Adaptive response initiated by electrophiles including quinone. After initial priming (adduction to thiol residue of Keap1), Nrf2 binds to antioxidant response element and stimulates the production of some cytoprotective proteins. Then, cells are ready to protect against reactive oxygen species.
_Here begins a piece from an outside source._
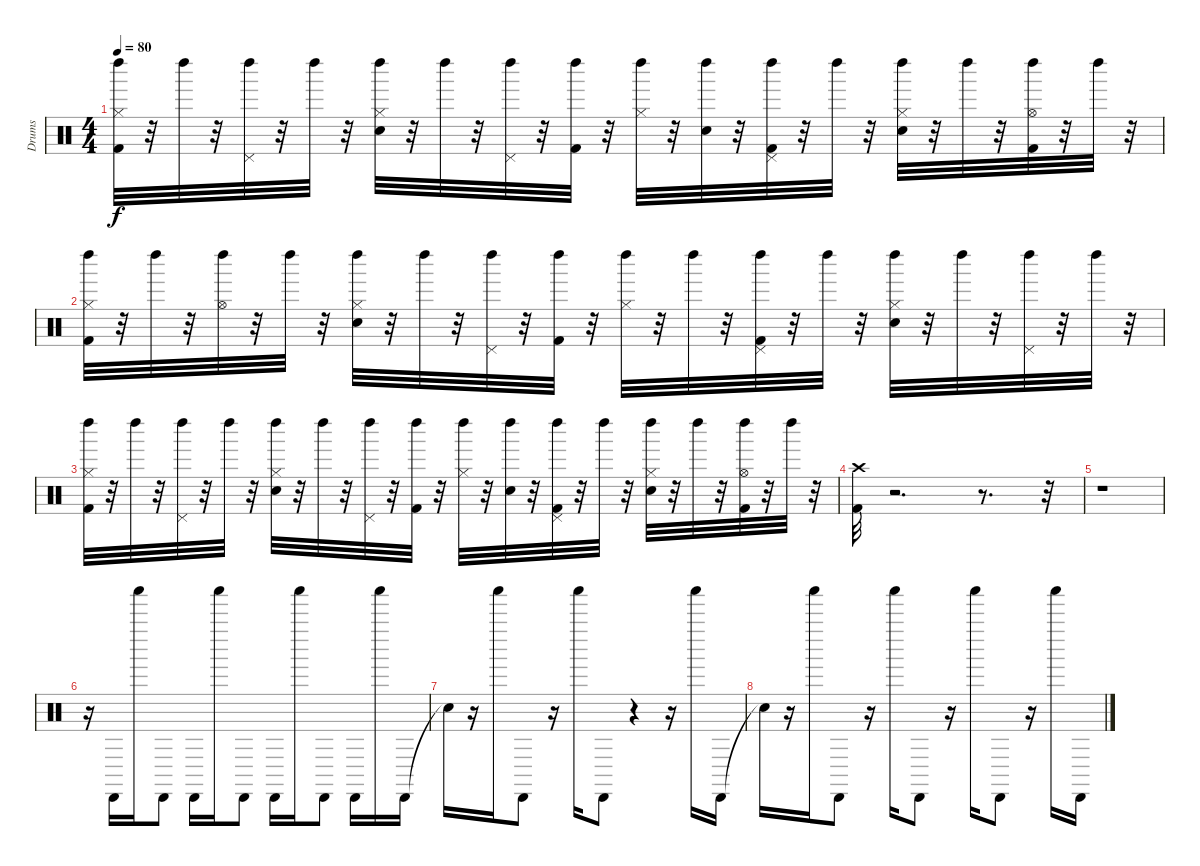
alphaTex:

Similarly, some electrophiles including estrogen quinones, 2-OHE2, 4-OHE1, and 4-OHE2 quinones could covalently adduct with specific Keap1 thiols and upregulate Nrf2-dependent gene expression via antioxidant response element.^(1,73) Therefore, a quinone may adduct with the thiol residue of Keap1, leading to adaptive expression of the defense system via some cytoprotective proteins (HO-1, NQO1). This provides a status of resistance to subsequent oxidative stress. These stressor molecules (quinones), which cause mild stress, could be considered as a “primer” of cellular response. In this way, the cellular responses might be triggered by covalent binding of the quinone with cellular proteins, at least in part. Quinones could have both beneficial and adverse effects on cells, depending on the amount and site of formation.

Conclusion

In this review, we have focused on the biological actions of quinones derived from endogenous and exogenous sources. Generally, both food-derived and endogenous reactive chemicals may share pathways through which they exert their biological functions, which are triggered by a reaction of the chemicals with sensory thiols in cells/tissues.⁽⁷⁴⁾ Although the high reactivity of quinones toward biomolecules sometimes has harmful effects, they mostly have beneficial functions in living systems if the dose is in the moderate range.

Conflict of Interest

No potential conflicts of interest were disclosed.